Optimization with Constraints -

Python Numerical Methods


Optimizations of an Equation for Max or Min with Constraints

Optimization using minimize, and PuLP. First we will use the minimize library to optimize an objective function as a maximum or minimum. The programs are the same except for multiplying all equations by negative one for maximums. Scipy does not support maximums, so we must multiply by negative one. The second area we will examine is the use of PuLP for optimization of linear equations. Suggested reading is Numerical Methods for Engineers, Fifth Edition by Chapra and Canale.



Two Examples of Minimum Optimization with Constraining Equations

There are many examples of optimization problems in books and on the internet. What is important is to see a working program. The syntax is specialized. It is simpler to copy and paste the program and make changes as necessary. Note that generally, problems with constraints of the form aX+bY>=C are minimization problems. Problems with constraints of the form aX+bY<=C are maximization problems.

First Example.
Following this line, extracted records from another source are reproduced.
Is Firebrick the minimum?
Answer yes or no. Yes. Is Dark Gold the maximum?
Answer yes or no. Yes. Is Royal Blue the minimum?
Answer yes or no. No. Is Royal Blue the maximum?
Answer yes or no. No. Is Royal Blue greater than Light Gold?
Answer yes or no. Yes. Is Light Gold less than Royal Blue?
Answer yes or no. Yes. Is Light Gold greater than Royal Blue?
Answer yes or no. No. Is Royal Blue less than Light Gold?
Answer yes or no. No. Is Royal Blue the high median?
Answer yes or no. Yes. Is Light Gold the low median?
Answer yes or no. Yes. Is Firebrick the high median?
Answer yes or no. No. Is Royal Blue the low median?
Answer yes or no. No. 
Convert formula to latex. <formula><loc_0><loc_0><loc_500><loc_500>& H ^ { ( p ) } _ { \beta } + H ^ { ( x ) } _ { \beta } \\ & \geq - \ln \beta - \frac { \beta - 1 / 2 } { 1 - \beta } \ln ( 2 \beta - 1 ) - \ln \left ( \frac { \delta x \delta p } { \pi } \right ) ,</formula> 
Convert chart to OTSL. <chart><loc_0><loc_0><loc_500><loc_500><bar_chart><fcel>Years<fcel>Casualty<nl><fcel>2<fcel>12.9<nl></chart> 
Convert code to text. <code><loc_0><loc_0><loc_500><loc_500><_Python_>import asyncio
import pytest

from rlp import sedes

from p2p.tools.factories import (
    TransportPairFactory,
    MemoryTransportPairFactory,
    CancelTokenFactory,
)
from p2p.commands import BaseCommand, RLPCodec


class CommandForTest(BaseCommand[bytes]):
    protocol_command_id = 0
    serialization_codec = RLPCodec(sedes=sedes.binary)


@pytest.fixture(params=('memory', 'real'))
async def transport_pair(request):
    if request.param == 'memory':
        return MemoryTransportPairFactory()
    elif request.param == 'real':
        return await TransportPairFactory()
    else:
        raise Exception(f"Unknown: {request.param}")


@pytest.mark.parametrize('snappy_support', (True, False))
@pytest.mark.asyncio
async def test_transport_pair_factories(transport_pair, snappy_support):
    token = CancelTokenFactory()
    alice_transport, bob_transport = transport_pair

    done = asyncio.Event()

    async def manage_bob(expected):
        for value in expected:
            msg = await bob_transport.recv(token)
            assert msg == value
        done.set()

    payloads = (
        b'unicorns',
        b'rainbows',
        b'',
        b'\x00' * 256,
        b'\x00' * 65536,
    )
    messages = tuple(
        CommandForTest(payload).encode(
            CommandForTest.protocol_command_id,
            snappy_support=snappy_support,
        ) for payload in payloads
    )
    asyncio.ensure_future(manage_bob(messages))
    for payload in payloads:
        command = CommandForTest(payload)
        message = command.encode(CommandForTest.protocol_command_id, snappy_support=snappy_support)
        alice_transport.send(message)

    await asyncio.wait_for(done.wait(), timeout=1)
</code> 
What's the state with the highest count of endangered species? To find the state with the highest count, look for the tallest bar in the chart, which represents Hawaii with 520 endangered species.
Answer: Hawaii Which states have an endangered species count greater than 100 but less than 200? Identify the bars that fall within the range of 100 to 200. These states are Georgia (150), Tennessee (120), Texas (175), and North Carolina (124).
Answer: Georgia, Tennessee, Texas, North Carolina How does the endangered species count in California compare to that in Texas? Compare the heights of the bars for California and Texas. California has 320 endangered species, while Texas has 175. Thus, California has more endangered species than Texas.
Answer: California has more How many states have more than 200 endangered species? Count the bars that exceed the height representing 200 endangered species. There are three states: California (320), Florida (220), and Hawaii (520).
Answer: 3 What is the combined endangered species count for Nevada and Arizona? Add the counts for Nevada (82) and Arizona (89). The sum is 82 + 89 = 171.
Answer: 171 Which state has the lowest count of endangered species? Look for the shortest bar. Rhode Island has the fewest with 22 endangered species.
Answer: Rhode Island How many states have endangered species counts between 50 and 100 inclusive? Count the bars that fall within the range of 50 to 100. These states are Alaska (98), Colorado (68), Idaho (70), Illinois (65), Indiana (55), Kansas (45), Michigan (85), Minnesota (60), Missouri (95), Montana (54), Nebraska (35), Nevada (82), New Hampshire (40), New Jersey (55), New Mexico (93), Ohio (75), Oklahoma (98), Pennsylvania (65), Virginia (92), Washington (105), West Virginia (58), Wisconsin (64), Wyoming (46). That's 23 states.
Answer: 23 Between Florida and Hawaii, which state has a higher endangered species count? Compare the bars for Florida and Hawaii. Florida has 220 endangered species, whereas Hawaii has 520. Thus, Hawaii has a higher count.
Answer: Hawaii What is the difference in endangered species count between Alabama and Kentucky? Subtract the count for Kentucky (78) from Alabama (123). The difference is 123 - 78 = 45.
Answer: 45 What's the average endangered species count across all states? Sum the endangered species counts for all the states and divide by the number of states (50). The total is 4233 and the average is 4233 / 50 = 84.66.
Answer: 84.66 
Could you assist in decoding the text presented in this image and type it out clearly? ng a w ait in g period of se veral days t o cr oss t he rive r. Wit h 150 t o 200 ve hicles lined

Here we will be optimizing for minimization given an objective function and three constraints. We start the program by importing scipy.optimize minimize, and import math. We then define the objective equation in a function.
Notice the independent variables substitutions: X1=x[0], X2=x[1], X3=x[2] .
Given log(X1**2 + 1) + X2**4 + X1*X3 we get math.log(x[0]**2 + 1) + x[1]**4 + x[0]*x[2] .
The first constraining equation is X1**3 - X2**2 >= 1 and we get x[0]**3 - x[1]**2 – 1
The second two constraints are X1, X3>=0 and we get x[0] and x[2]
Cons is the abbreviation for constraints.
Notice the format for the three equations. Note that for ‘type’ we have either ineq for >= or <=, or eq for = .
The next step is using minimize with the following parameters: function, initial guess, and constraints.
The result is printed. It rounds to [1,0,0], where x1=1, x2=0, and x3=0.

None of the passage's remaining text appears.